On Wed, 18 Aug 2004 vedaal(_at_)hush(_dot_)com wrote:

now that sha-0 has been broken,

SHA-0 was (theoretically) broken in 1998. The recent work is simply an
improvement in the break.

and sha-1 is actively being looked at for a possible extension of the
attack,

and MD5, HAVAL, and RIPEMD are also being attacked
http://eprint.iacr.org/2004/199.pdf)

Actually, all three are broken. But MD5 was (theoretically) broken in
1996, and RIPEMD has been considered weak for years. (Note, RIPEMD is
based on MD4.  It is *not* the same as RIPEMD-160 (based on RIPEMD, but
with considerable input from Dobbertin, who broke MD4 and MD5, or
RIPEMD-128 (based on RIPEMD-160, intended as a "drop in" replacement for
RIPEMD or MD4/5.)

would it be reasonable to re-accept the non-sha based hashes, (e.g. TIGER)
as a potential backup hash for implementations/users that may wish to
begin doing so?

SHA-256 and SHA-512 are not based on the MDx family, and have arguably
gotten more scrutiny than TIGER. Even if SHA-1 or RIPEMD-160 were
threatened, we already have alternatives.

The bigger problem I see is with the lack of a sound hash function
firewall in OpenPGP v4 DSA keys. We can add all the strong hash functions
we want, but as long as there exists a weak hash function in the spec, an
attacker can theoretically cause a collision in the weak hash function to
match the strong hash function's results, and break the signature scheme.

We either need to fix this, drop DSA keys, require that all DSA keys
actually be DSS (and then deal with the consequences if SHA-1 is broken),
or standardize on a single hash (and have a backup hash ready if need be.)
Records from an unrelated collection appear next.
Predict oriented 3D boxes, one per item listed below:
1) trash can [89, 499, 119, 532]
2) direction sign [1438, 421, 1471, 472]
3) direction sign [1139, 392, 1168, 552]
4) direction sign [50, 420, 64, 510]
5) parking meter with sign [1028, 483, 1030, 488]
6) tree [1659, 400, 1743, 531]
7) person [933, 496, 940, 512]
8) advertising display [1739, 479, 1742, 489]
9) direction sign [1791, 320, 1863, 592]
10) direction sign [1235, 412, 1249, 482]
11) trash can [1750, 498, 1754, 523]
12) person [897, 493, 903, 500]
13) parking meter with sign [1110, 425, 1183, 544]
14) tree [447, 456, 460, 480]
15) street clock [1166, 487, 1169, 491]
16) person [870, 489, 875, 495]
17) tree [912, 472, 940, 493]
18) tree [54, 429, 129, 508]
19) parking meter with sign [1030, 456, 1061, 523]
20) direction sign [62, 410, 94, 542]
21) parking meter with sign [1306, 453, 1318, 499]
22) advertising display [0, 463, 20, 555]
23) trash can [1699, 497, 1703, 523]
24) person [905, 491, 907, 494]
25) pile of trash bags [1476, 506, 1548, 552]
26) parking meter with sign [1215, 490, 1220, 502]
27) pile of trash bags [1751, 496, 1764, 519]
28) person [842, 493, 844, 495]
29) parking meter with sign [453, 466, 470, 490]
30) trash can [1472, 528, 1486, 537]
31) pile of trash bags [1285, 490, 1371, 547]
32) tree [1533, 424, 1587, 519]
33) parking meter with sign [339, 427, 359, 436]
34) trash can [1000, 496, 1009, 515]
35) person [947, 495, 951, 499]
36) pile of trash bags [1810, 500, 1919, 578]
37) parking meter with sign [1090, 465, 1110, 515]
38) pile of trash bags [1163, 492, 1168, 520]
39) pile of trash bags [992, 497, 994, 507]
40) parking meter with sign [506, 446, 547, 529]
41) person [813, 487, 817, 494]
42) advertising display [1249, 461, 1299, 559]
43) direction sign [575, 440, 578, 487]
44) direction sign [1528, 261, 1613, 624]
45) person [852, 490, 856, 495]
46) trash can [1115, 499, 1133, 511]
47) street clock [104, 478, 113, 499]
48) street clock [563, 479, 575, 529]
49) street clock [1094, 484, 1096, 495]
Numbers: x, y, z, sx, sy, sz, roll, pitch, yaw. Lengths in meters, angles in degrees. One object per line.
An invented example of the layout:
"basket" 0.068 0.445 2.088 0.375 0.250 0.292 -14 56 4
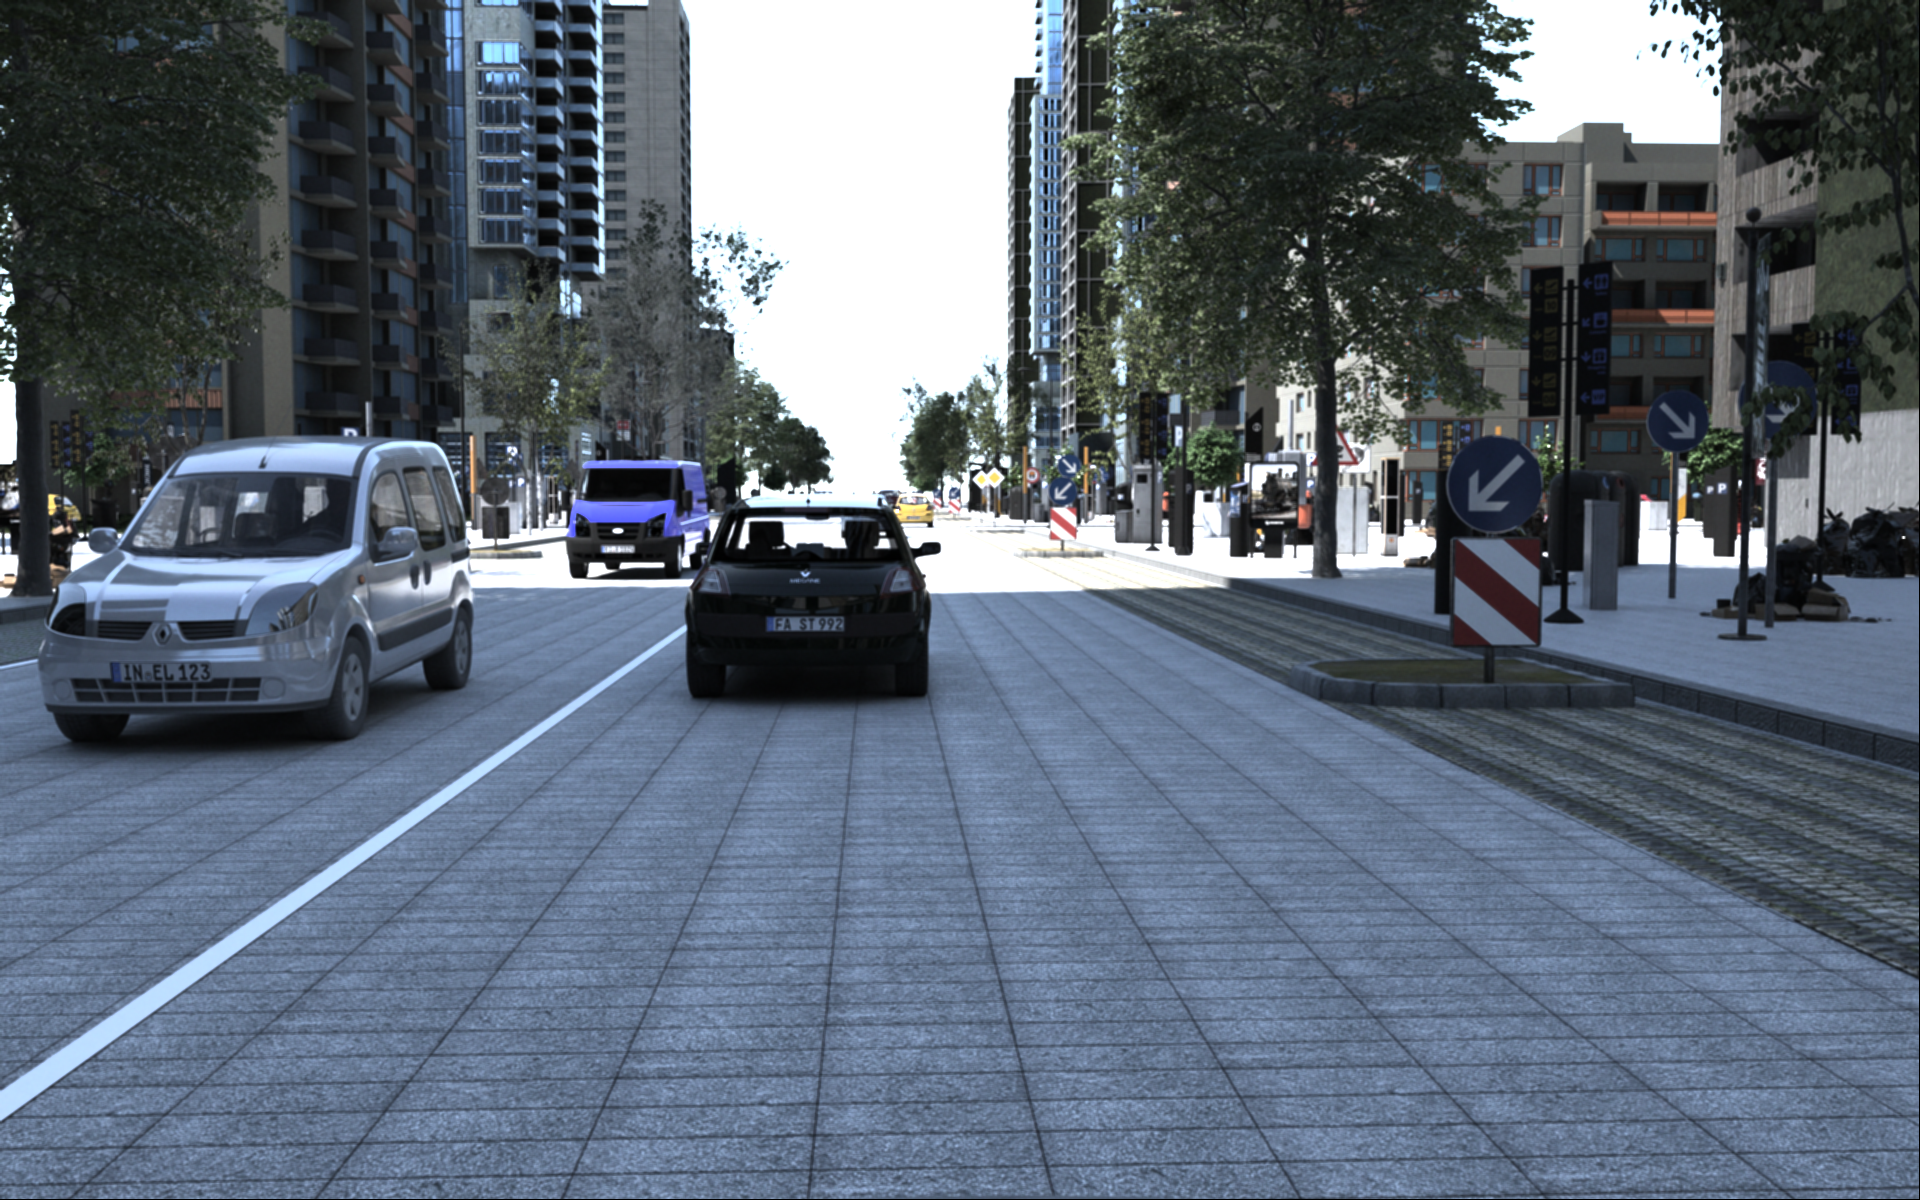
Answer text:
"trash can" -23.738 -2.227 48.066 0.748 1.137 0.748 0 3 0
"direction sign" 15.385 -3.778 53.761 0.876 3.537 0.379 1 4 22
"direction sign" 4.315 -2.857 38.713 0.876 3.537 0.379 -3 4 -39
"direction sign" -27.882 -3.777 53.751 0.379 3.537 0.876 1 4 10
"parking meter with sign" 3.825 -5.638 88.435 1.738 3.016 0.543 -1 4 -10
"tree" 26.208 -4.710 60.723 4.285 4.588 4.351 0 3 0
"person" -1.877 -7.808 137.006 0.563 1.720 0.643 -1 4 -14
"advertising display" 34.183 -4.348 76.295 0.123 1.923 0.974 0 4 -8
"direction sign" 11.377 -1.886 22.828 0.379 3.537 0.876 -3 5 -44
"direction sign" 7.949 -3.432 48.107 0.379 3.537 0.876 1 4 14
"trash can" 25.699 -2.774 57.010 0.748 1.137 0.748 0 3 0
"person" -3.622 -5.751 105.127 0.503 1.515 0.523 -2 4 -29
"parking meter with sign" 4.841 -2.954 44.564 1.738 3.016 0.543 2 4 33
"tree" -23.041 -5.009 76.498 1.663 3.219 1.824 0 3 0
"street clock" 11.596 -5.560 95.480 0.471 2.002 0.358 3 5 40
"person" -6.508 -7.521 131.651 0.590 1.801 0.661 -3 5 -39
"tree" -4.224 -16.165 248.013 4.285 4.588 4.351 0 3 0
"tree" -41.293 -6.028 82.272 4.285 4.588 4.351 0 3 0
"parking meter with sign" 3.949 -4.953 77.243 0.543 3.016 1.738 3 4 38
"direction sign" -23.734 -3.357 46.889 0.379 3.537 0.876 1 4 9
"parking meter with sign" 14.792 -4.704 73.173 0.543 3.016 1.738 1 4 14
"advertising display" -19.801 -1.907 36.400 0.974 1.923 0.123 1 4 19
"trash can" 32.819 -3.933 75.961 0.748 1.137 0.748 0 3 0
"person" -5.690 -10.505 180.976 1.217 1.735 0.721 2 4 24
"pile of trash bags" 13.219 -1.771 38.716 3.447 1.369 1.912 -1 4 -9
"parking meter with sign" 14.731 -6.227 98.077 0.543 3.016 1.738 1 4 16
"pile of trash bags" 38.005 -4.472 82.877 3.447 1.369 1.912 1 4 21
"person" -19.549 -17.189 290.344 0.445 1.727 0.742 3 5 41
"parking meter with sign" -31.219 -6.800 107.434 1.738 3.016 0.543 2 4 30
"trash can" 8.183 -0.915 26.611 0.748 1.137 0.748 0 3 0
"pile of trash bags" 8.918 -2.044 43.174 1.912 1.369 3.447 2 4 24
"tree" 16.310 -3.284 48.292 1.663 3.219 1.824 0 3 0
"parking meter with sign" -16.559 -3.022 45.667 1.738 3.016 0.543 3 4 37
"trash can" 2.641 -5.703 104.894 0.748 1.137 0.748 0 3 0
"person" -1.351 -13.522 229.460 0.709 1.838 0.599 -1 4 -18
"pile of trash bags" 15.269 -1.060 27.077 3.447 1.369 1.912 0 4 7
"parking meter with sign" 8.541 -6.617 104.455 0.543 3.016 1.738 3 5 39
"pile of trash bags" 9.902 -4.692 86.459 1.912 1.369 3.447 -1 4 -10
"pile of trash bags" 2.779 -7.863 138.309 3.447 1.369 1.912 0 4 -6
"parking meter with sign" -15.909 -4.126 63.722 0.543 3.016 1.738 1 4 23
"person" -8.902 -6.021 106.808 0.748 1.841 0.638 1 4 22
"advertising display" 6.236 -1.786 34.419 0.974 1.923 0.123 1 4 12
"direction sign" -16.120 -4.951 72.944 0.379 3.537 0.876 -1 4 -18
"direction sign" 6.045 -1.544 17.236 0.379 3.537 0.876 -3 5 -39
"person" -11.186 -10.730 183.810 0.709 1.838 0.599 -3 5 -40
"trash can" 4.465 -2.094 45.891 0.748 1.137 0.748 0 3 0
"street clock" -38.026 -4.454 77.386 0.358 2.002 0.471 0 4 -4
"street clock" -14.501 -3.654 64.315 0.358 2.002 0.471 1 4 19
"street clock" 8.404 -6.301 107.583 0.471 2.002 0.358 1 4 23

Thinking about this more now, I suppose dropping DSA would be the
simplest, though that would cause a lot of compatibility issues.

On a different note, I'm also in favor of dropping backwards compatibility
with v3 in the spec, as I've mentioned before. This would also allow us to
easily drop MD5 from v4. I think any backwards compatibility is adequately
handled in the client implementations, and does not belong as a part of
the OpenPGP message format. (I.e., there are clients that offer S/MIME
compatibility, yet there's no reason for that to be part of this spec,
either. We already have RFC 1991.)


--Len.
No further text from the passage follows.